The bottom line: company knowledge in ChatGPT connects the assistant to your organization’s own apps and answers questions from that internal context, with citations and with respect for existing permissions. It is OpenAI’s move to make ChatGPT the place you ask about your own company, not just the world at large.
Frequently Asked Questions
What is company knowledge in ChatGPT?
Company knowledge is a ChatGPT feature that lets the assistant answer using your organization’s own information, pulled from connected work apps like Slack, SharePoint, Google Drive, and GitHub. It searches across those sources, synthesizes an answer specific to your company, and includes citations back to the originals. It is available on ChatGPT Business, Enterprise, and Edu plans.
Which apps and sources can it use?
At launch it supported connectors including Slack, SharePoint, Google Drive, GitHub, Notion, HubSpot, Zendesk, Azure DevOps, and Asana, with more added over time such as GitLab Issues and ClickUp. Each source connects through OAuth. OpenAI now groups these integrations under the label “apps,” though they were originally called “connectors.”
Which ChatGPT plans have company knowledge?
It is available on ChatGPT Business, Enterprise, and Edu, the plans built for organizations.

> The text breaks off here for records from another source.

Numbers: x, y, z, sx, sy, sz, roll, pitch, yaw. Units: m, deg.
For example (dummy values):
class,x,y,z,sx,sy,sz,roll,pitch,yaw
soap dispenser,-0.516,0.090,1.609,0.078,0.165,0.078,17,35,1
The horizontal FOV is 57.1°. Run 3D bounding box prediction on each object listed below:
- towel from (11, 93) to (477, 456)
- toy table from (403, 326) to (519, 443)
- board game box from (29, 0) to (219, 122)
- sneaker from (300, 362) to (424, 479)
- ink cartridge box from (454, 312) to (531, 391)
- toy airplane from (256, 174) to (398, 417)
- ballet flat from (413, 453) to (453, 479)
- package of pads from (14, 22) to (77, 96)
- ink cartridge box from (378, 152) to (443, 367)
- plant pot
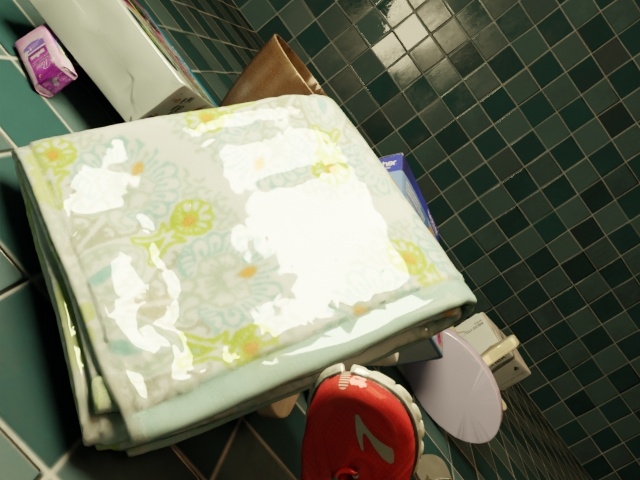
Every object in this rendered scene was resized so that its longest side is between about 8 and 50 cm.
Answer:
class,x,y,z,sx,sy,sz,roll,pitch,yaw
towel,-0.074,-0.003,0.577,0.321,0.374,0.090,61,-29,25
toy table,0.315,0.294,1.318,0.161,0.252,0.274,-18,84,-59
board game box,-0.274,-0.272,0.879,0.224,0.097,0.303,53,2,-6
sneaker,0.023,0.237,0.493,0.118,0.107,0.279,-58,155,-66
ink cartridge box,0.452,0.345,1.682,0.273,0.197,0.114,40,19,-43
toy airplane,0.010,0.034,0.808,0.384,0.272,0.386,17,54,-53
ballet flat,0.194,0.442,0.900,0.250,0.084,0.058,-107,-168,-59
package of pads,-0.344,-0.226,0.736,0.083,0.050,0.032,59,7,19
ink cartridge box,0.143,0.016,1.207,0.270,0.151,0.396,55,30,-44
plant pot,-0.112,-0.255,1.191,0.215,0.230,0.215,50,15,-18
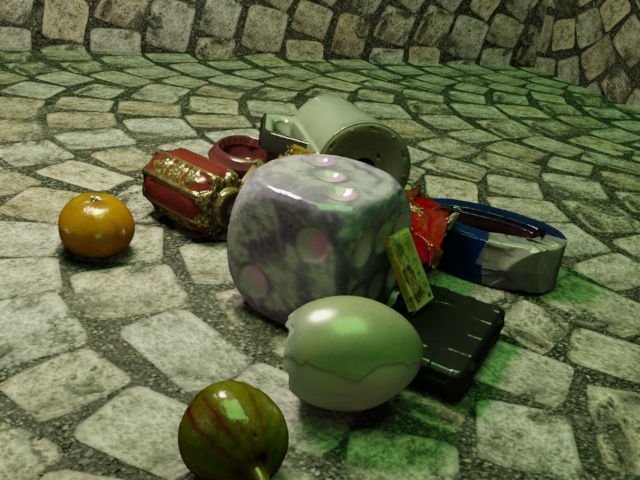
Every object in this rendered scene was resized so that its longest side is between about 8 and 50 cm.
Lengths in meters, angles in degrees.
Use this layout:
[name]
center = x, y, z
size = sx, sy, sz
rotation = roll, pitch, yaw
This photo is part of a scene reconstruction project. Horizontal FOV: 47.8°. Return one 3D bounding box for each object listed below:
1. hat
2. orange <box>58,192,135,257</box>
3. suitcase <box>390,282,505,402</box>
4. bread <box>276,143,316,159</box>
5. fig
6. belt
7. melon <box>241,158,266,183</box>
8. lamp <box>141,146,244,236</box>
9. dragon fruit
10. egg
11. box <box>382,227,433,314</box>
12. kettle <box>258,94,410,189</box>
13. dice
[hat]
center = -0.212, -0.220, 1.998
size = 0.205, 0.089, 0.205
rotation = 7, 30, -4
[orange]
center = -0.466, -0.034, 1.504
size = 0.156, 0.124, 0.156
rotation = 4, 23, -2
[suitcase]
center = 0.207, 0.172, 1.322
size = 0.206, 0.066, 0.285
rotation = 19, 28, 23
[bread]
center = -0.055, -0.109, 1.652
size = 0.147, 0.260, 0.160
rotation = 23, 62, -13
[fig]
center = -0.109, 0.270, 0.946
size = 0.142, 0.148, 0.186
rotation = 43, -9, -28
[belt]
center = 0.378, 0.004, 1.657
size = 0.347, 0.117, 0.212
rotation = 19, 27, 24
[melon]
center = -0.149, -0.141, 1.835
size = 0.093, 0.139, 0.202
rotation = -25, 37, -13
[lamp]
center = -0.292, -0.115, 1.678
size = 0.274, 0.177, 0.177
rotation = 28, 32, 33
[dragon fruit]
center = 0.129, -0.054, 1.604
size = 0.343, 0.100, 0.282
rotation = 1, 33, 26
[egg]
center = 0.054, 0.177, 1.135
size = 0.217, 0.183, 0.183
rotation = 0, 25, 4
[box]
center = 0.162, 0.056, 1.321
size = 0.020, 0.149, 0.073
rotation = -16, 8, 38
[kettle]
center = 0.010, -0.249, 1.941
size = 0.361, 0.250, 0.377
rotation = 2, 23, -17
[dice]
center = 0.000, 0.000, 1.385
size = 0.271, 0.270, 0.270
rotation = 20, 29, 27
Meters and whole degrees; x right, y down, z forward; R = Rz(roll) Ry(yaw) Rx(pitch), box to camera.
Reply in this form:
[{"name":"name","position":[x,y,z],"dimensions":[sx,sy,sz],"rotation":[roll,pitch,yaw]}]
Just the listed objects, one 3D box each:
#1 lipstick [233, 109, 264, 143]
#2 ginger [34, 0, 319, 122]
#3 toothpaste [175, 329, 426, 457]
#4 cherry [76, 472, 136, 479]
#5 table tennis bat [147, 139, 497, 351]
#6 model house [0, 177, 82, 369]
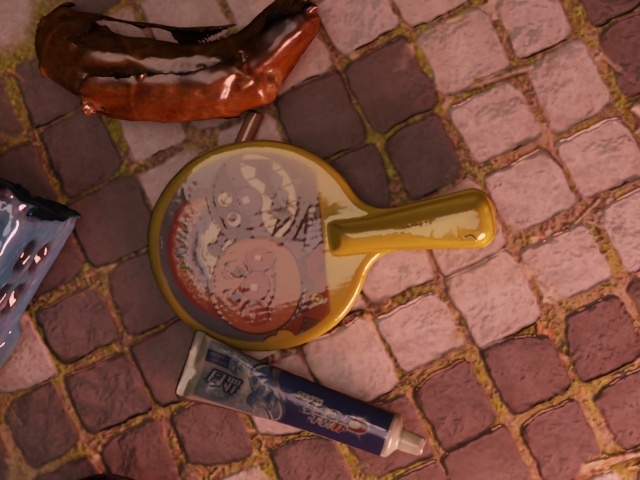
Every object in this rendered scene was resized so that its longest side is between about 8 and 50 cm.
[{"name":"lipstick","position":[-0.087,-0.094,1.508],"dimensions":[0.019,0.019,0.094],"rotation":[24,92,6]},{"name":"ginger","position":[-0.156,-0.186,1.480],"dimensions":[0.309,0.107,0.133],"rotation":[4,65,7]},{"name":"toothpaste","position":[-0.018,0.171,1.478],"dimensions":[0.268,0.047,0.069],"rotation":[19,125,8]},{"name":"cherry","position":[-0.221,0.329,1.430],"dimensions":[0.195,0.195,0.195],"rotation":[0,88,6]},{"name":"table tennis bat","position":[0.000,0.000,1.478],"dimensions":[0.368,0.054,0.224],"rotation":[-6,96,6]},{"name":"model house","position":[-0.428,0.037,1.452],"dimensions":[0.237,0.215,0.303],"rotation":[28,96,6]}]
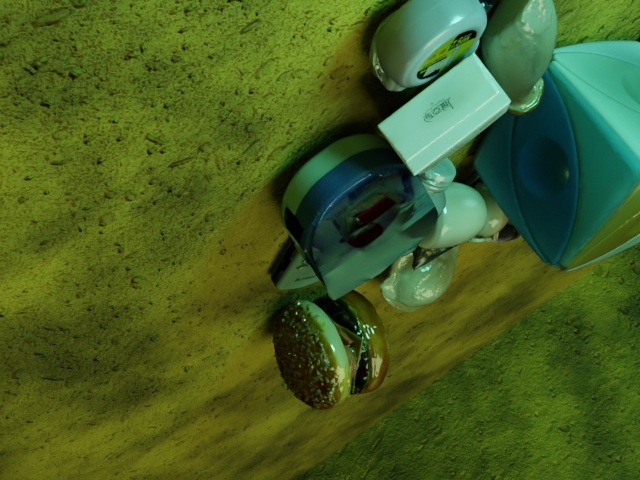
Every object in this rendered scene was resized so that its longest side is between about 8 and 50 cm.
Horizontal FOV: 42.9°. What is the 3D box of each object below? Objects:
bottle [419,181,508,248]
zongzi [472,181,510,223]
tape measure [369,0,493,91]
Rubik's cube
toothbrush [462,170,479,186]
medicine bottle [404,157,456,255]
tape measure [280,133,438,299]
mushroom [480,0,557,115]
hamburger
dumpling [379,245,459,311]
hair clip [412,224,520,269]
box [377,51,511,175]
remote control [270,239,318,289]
[{"bbox_3d":[0.320,-0.063,1.809,0.236,0.148,0.148,-5,145,-27],"label":"bottle"},{"bbox_3d":[0.406,-0.067,2.003,0.256,0.115,0.228,-30,159,9],"label":"zongzi"},{"bbox_3d":[0.170,-0.324,1.252,0.196,0.105,0.178,-28,167,-22],"label":"tape measure"},{"bbox_3d":[0.581,-0.182,1.704,0.347,0.352,0.352,-16,148,-33],"label":"Rubik's cube"},{"bbox_3d":[0.296,-0.090,1.935,0.219,0.016,0.019,-42,145,21],"label":"toothbrush"},{"bbox_3d":[0.184,-0.081,1.667,0.135,0.135,0.215,-9,142,-42],"label":"medicine bottle"},{"bbox_3d":[0.056,-0.062,1.482,0.259,0.138,0.262,-37,140,-4],"label":"tape measure"},{"bbox_3d":[0.350,-0.333,1.429,0.128,0.128,0.350,-34,159,2],"label":"mushroom"},{"bbox_3d":[0.014,0.259,1.950,0.225,0.291,0.291,-17,151,-30],"label":"hamburger"},{"bbox_3d":[0.247,0.076,2.065,0.179,0.131,0.252,24,113,-34],"label":"dumpling"},{"bbox_3d":[0.346,-0.013,2.001,0.358,0.096,0.110,-17,-175,-34],"label":"hair clip"},{"bbox_3d":[0.218,-0.210,1.400,0.194,0.111,0.260,-37,180,12],"label":"box"},{"bbox_3d":[0.000,0.000,1.697,0.140,0.056,0.296,-9,145,-39],"label":"remote control"}]
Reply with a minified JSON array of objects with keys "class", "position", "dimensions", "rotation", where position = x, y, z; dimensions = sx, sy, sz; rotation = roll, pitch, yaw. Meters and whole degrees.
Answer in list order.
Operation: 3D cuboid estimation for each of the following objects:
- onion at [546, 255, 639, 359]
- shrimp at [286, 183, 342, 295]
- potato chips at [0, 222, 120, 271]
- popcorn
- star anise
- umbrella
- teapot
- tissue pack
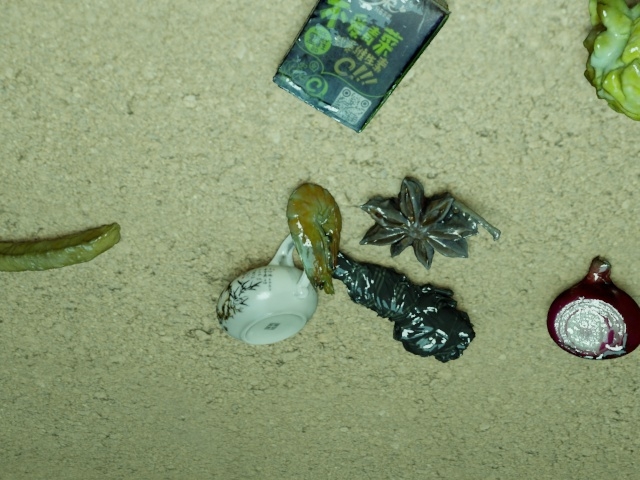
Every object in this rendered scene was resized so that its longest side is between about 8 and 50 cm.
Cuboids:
[{"class":"onion","position":[0.541,0.131,1.145],"dimensions":[0.173,0.135,0.198],"rotation":[9,92,21]},{"class":"shrimp","position":[0.001,0.000,1.080],"dimensions":[0.115,0.051,0.217],"rotation":[-18,100,-25]},{"class":"potato chips","position":[-0.609,0.022,1.216],"dimensions":[0.406,0.080,0.057],"rotation":[-4,139,11]},{"class":"popcorn","position":[0.449,-0.266,0.800],"dimensions":[0.212,0.198,0.198],"rotation":[31,131,15]},{"class":"star anise","position":[0.195,-0.030,1.068],"dimensions":[0.262,0.081,0.230],"rotation":[-4,129,24]},{"class":"umbrella","position":[0.150,0.135,1.193],"dimensions":[0.336,0.128,0.154],"rotation":[22,113,-4]},{"class":"teapot","position":[-0.098,0.110,1.192],"dimensions":[0.208,0.166,0.300],"rotation":[22,121,-33]},{"class":"tissue pack","position":[0.055,-0.294,0.874],"dimensions":[0.173,0.073,0.235],"rotation":[27,127,-15]}]

It launched on October 21, 2025. It is not part of the free or personal ChatGPT tiers, since it depends on administrators connecting approved data sources and managing access for the workspace.
Does company knowledge respect our permissions?
Yes. It only surfaces what each user is already allowed to see in the connected apps, so asking a question never grants access to documents or channels a person could not open themselves. Admins can additionally manage which apps are available, create custom roles, and set group-level permissions across the workspace.
Is our data used to train OpenAI’s models?
By default, no. On the Business, Enterprise, and Edu plans, your data is not used to train OpenAI’s models by default, which is one of the main reasons the feature is considered safe for connecting sensitive internal information. Administrators should still review their organization’s data settings to confirm the configuration.
How is this different from regular ChatGPT search?
Regular ChatGPT answers from its general training and, with web search, from the public internet. Company knowledge instead searches your private, connected business apps and answers from that internal context, with citations to your own sources. It is powered by a version of GPT-5 trained to look across multiple sources at once.
Why do the citations matter?
Citations let you verify every answer against the original source, which is essential for trusting business information. If ChatGPT reports a decision or a status, you can click through to the exact Slack message or document behind it. This verifiability guards against acting on a confident but unsupported answer and is what makes the feature usable for real work.
Is company knowledge the same as an enterprise search tool?
It is a large-language-model take on enterprise search. Rather than returning a list of links, it gives a synthesized, plain-language answer that spans all your connected sources and cites them. The underlying idea of retrieving internal information to ground the model’s answer is the same as retrieval-augmented generation, applied across your whole connected workspace.